1969 – There was an explosion at a water pipeline between Lough Neagh and Belfast. It was later established that the bomb was planted by Loyalists who were members of the Ulster Volunteer Force (UVF) and the Ulster Protestant Volunteers (UPV).

1993 – Bishopsgate bombing – after a telephoned warning, the PIRA exploded a large bomb at Bishopsgate, London. It killed one civilian, wounded thirty others, and caused an estimated £350 million in damage (some reported estimates were as high as £1,000 million).

1996 – The IRA planted two bombs at Hammersmith Bridge, London. The bombs contained 30 pounds of Semtex and although the detonators went off the main charges failed to explode.
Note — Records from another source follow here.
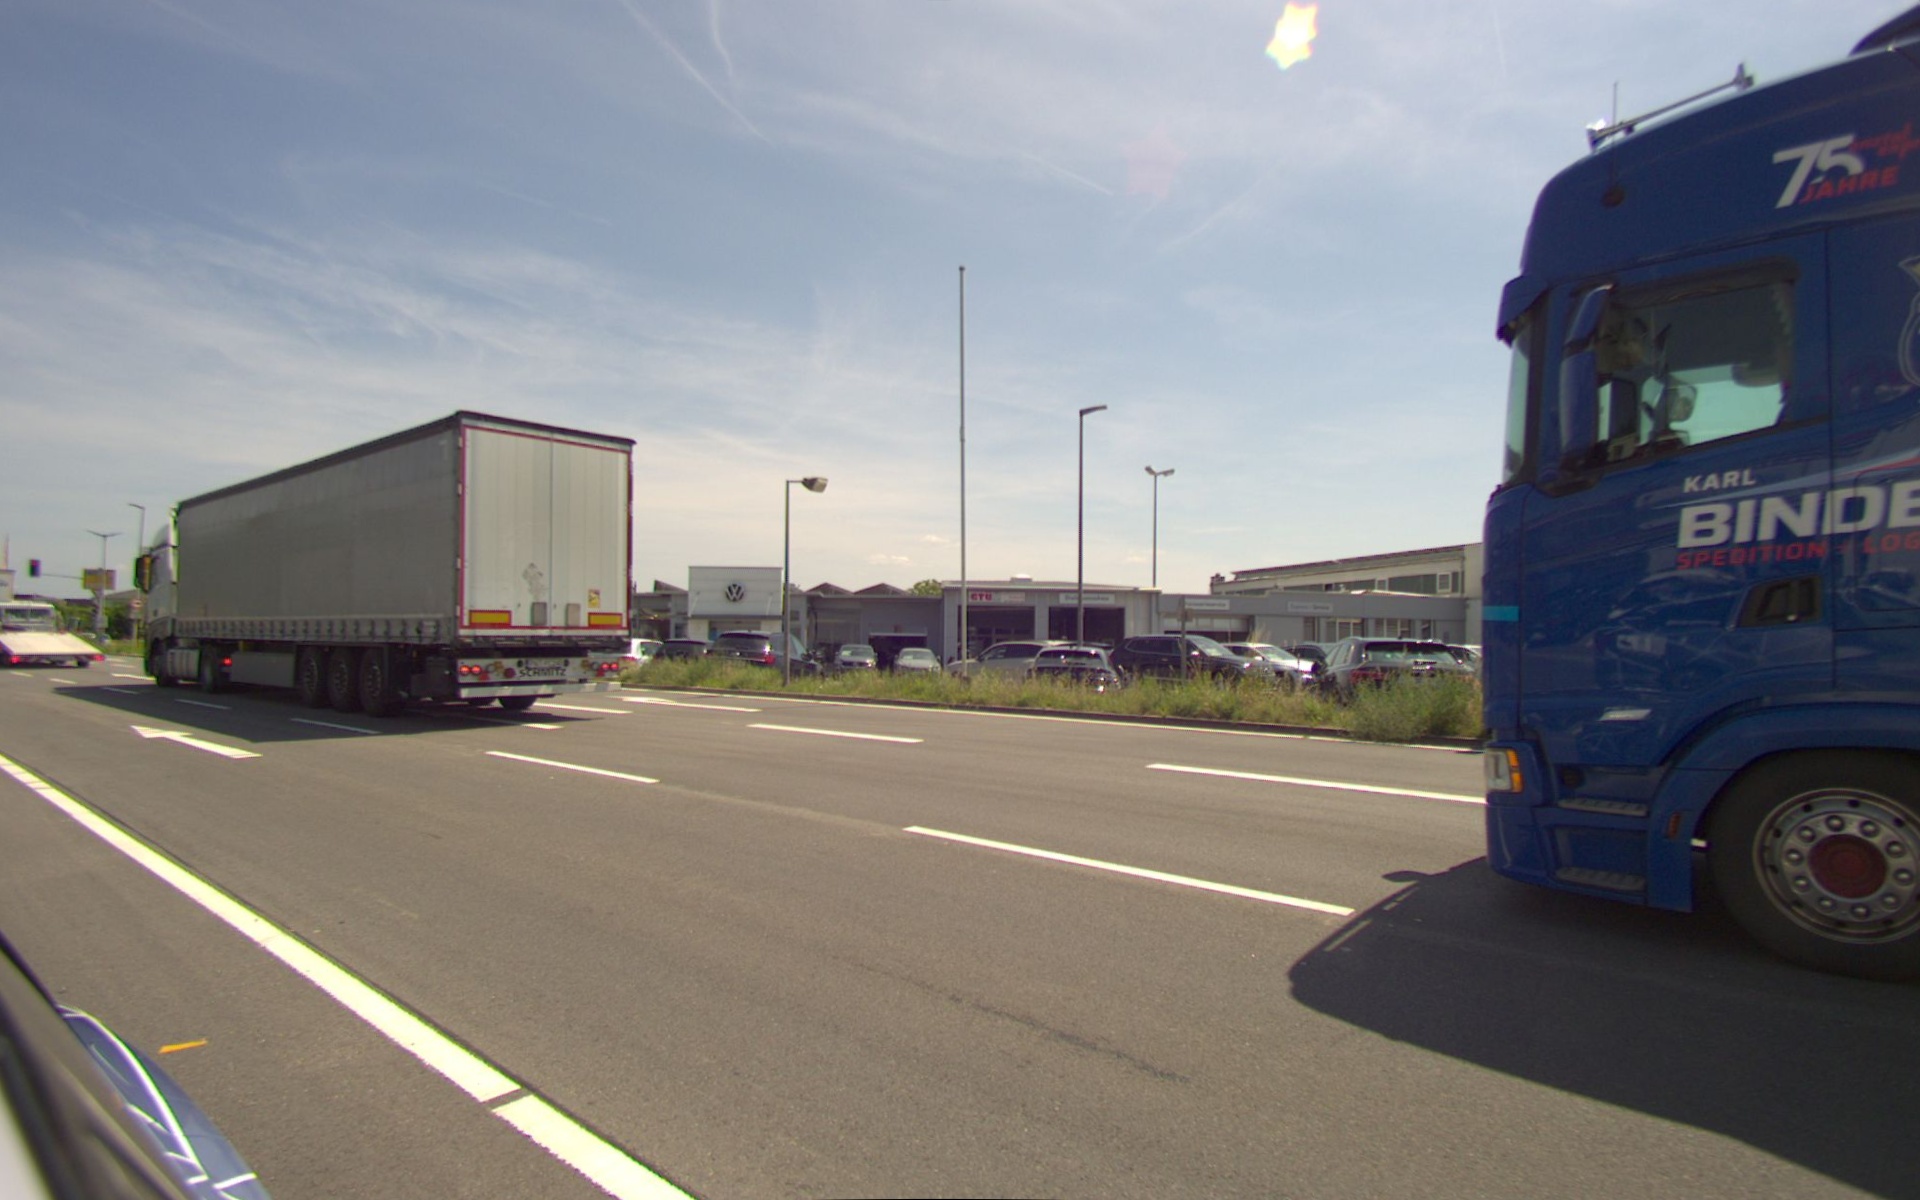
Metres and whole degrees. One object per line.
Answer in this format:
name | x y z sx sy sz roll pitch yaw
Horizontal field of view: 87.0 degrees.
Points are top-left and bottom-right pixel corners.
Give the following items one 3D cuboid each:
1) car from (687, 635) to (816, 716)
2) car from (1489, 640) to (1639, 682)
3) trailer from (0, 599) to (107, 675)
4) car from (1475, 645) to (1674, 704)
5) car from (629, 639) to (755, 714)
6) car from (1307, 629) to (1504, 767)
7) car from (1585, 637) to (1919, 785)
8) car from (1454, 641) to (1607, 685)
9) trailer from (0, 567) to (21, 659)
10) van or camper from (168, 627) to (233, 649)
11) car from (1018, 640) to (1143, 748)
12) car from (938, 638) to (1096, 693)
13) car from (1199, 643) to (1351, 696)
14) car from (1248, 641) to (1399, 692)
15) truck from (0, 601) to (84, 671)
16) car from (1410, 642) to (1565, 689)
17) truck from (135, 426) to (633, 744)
car | -4.746 1.699 23.586 1.779 1.699 3.859 0 -3 7
car | 20.007 1.987 33.692 1.635 1.293 4.012 1 -2 -29
trailer | -31.424 1.264 34.574 6.894 2.356 2.402 -1 -4 42
car | 15.604 1.841 25.888 1.636 1.293 4.010 0 -1 -34
car | -6.745 1.891 25.922 1.779 1.763 3.859 0 -3 7
car | 6.365 1.300 14.941 1.981 1.697 3.981 -1 -1 14
car | 9.508 1.218 12.462 1.764 1.466 4.243 0 -2 13
car | 18.209 1.975 32.494 1.635 1.293 4.012 1 -2 -29
trailer | -49.390 0.665 49.985 10.048 4.320 2.981 -1 -3 39
van or camper | -84.278 4.241 112.370 2.092 2.431 5.405 -1 -3 34
car | 2.358 1.650 18.894 1.812 1.697 3.981 -1 -1 14
car | 1.675 1.923 30.546 4.451 1.475 1.975 -1 -2 37
car | 8.753 1.889 28.434 1.635 1.293 4.012 0 -1 -31
car | 10.554 1.901 29.664 1.635 1.293 4.012 0 -1 -31
truck | -34.195 1.340 37.035 5.672 2.358 2.399 -2 -5 42
car | 16.149 1.959 31.197 1.635 1.293 4.013 1 -2 -27
truck | -11.821 -0.087 18.912 16.473 3.918 2.761 -1 -1 41

There were no injuries and no damage was caused.

1998 – The Ulster Defence Association and Ulster Freedom Fighters’ Inner Council – the North’s largest loyalist paramilitary group – backed the Stormont Agreement, saying it secured the state’s place within the United Kingdom.

1998 – The second-largest ever construction project in the history of the State, a £120m drainage system designed to make Cork’s River Lee and Lough Mahon pollution free in four years time and create up to 500 jobs during construction, was announced.

2002 – The IRA was accused of being part of a global terrorist network after a US inquiry claimed the group had sent up to 15 members to Colombia to train Marxist rebels.

2003 – The United States backed British Prime Minister Tony Blair’s demand that the IRA should clarify its commitment to the peace process.

2004 – No. 1 ranked quizzer in the world, Pat Gibson, became the fourth contestant to win the £1m jackpot on the quiz show Who Wants to Be a Millionaire? Born in Co Galway, he is a multiple world champion in quizzing and one of the world’s most successful quiz players.